While contemporary proponents of Design Anthropology are attempting to address these biases by urging a shift toward a more human-centered agenda (see Decolonizing Design), the writings in this field can be a bit murky concerning the ways practicing designers might actually enact this shift. Ethnographic studies for design can be prohibitively resource-intensive and do not always include the studio element found in Design Thinking—an element which is highly effective for prototyping design solutions. While the critiques of many design anthropologists are certainly well-meaning, they often fail to consider the time and resource constraints of design practice. Most designers simply do not have the resources to mount full-scale ethnographies and qualitative analyses of cultural context. So, design continues its isolating, studio-based methods.

Alternatively, design firms like IDEO, Frog, and IBM have produced several illustrated toolkits and field guides championing Design Thinking as a one-size-fits-all solution to any design problem.

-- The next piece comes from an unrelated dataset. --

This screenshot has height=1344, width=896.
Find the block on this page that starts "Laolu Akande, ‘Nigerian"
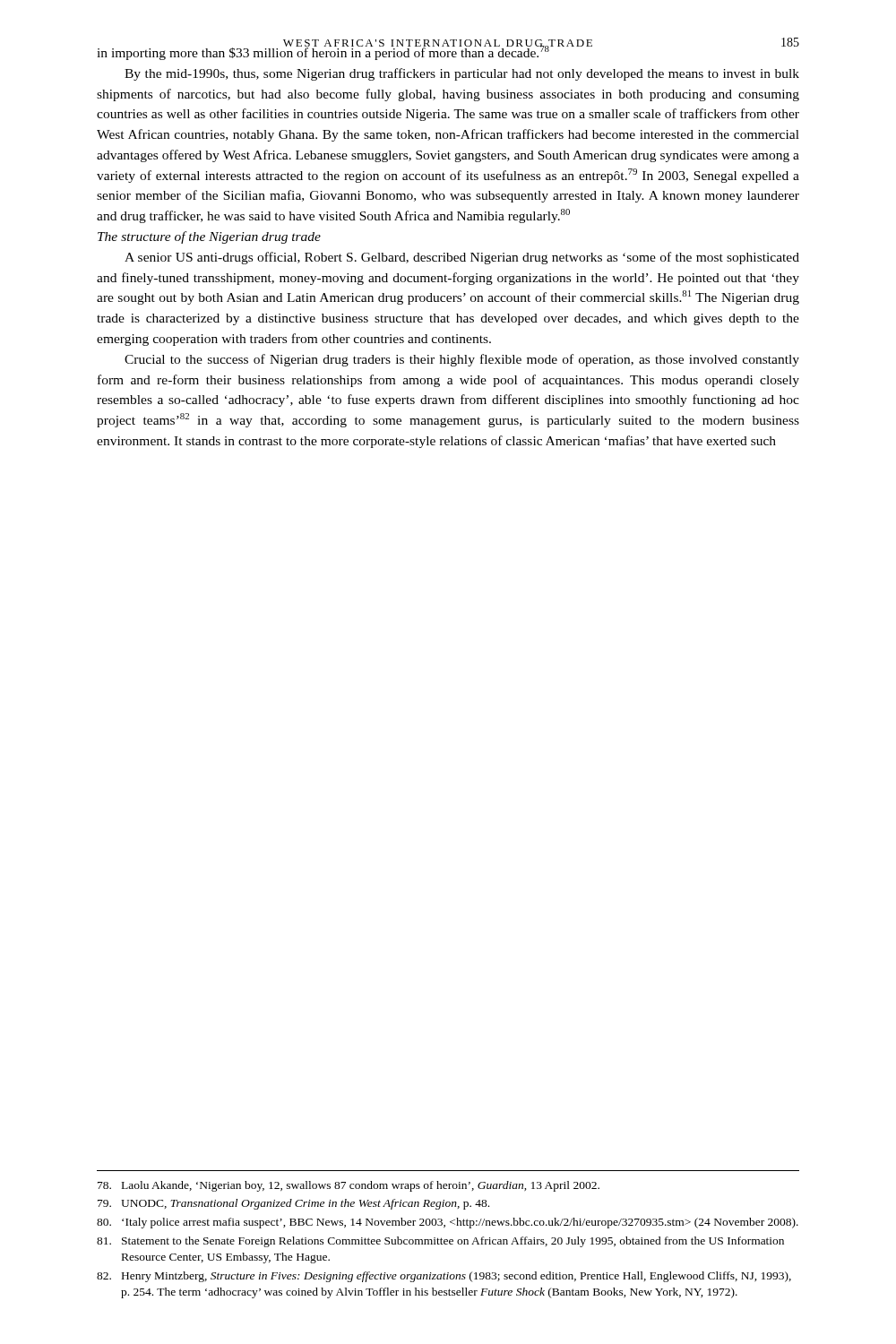click(348, 1185)

This buzzword battle has made Design Thinking into an overly prescriptive process that discourages self-criticism. “Trust the process,” writes IDEO, “even if it feels uncomfortable” (IDEO 13). This dogmatic mindset limits discovery and innovation. While these firms have done well to condense Design Thinking into easily referenced toolkits, their methodologies are overly designer-centric and fall short of the true potential of design to inform cultural experience.

The obvious conclusion, then, is to hybridize these workflows, giving designers complimentary methodologies through an expansive toolkit that modularizes design into a dynamic process grounded in user collaboration. By de-linearizing and expanding Design Thinking, designers would gain the freedom to pick-and-choose human-centered methods to fit the contexts of their design problems. This would alter the purpose of design itself away from that of an object-driven practice and toward that of an experiential activity undertaken by the designer and user as mutual collaborators (Allen 3). By emphasizing user engagement and collaborative design, the role of the designer can begin to shift from that of an exogenous creator to that of an enabler of cultural growth.

Herbert Simon defines design as “courses of action aimed at changing existing situations into preferred ones” (Simon 111). It is this type of engagement that I hope to encourage with the following Field Guide to Design Anthropology. By including users in the design process, designers expand their knowledge and resources while allowing the experience of design to grow organically in communities, creating lasting impact where it is needed most.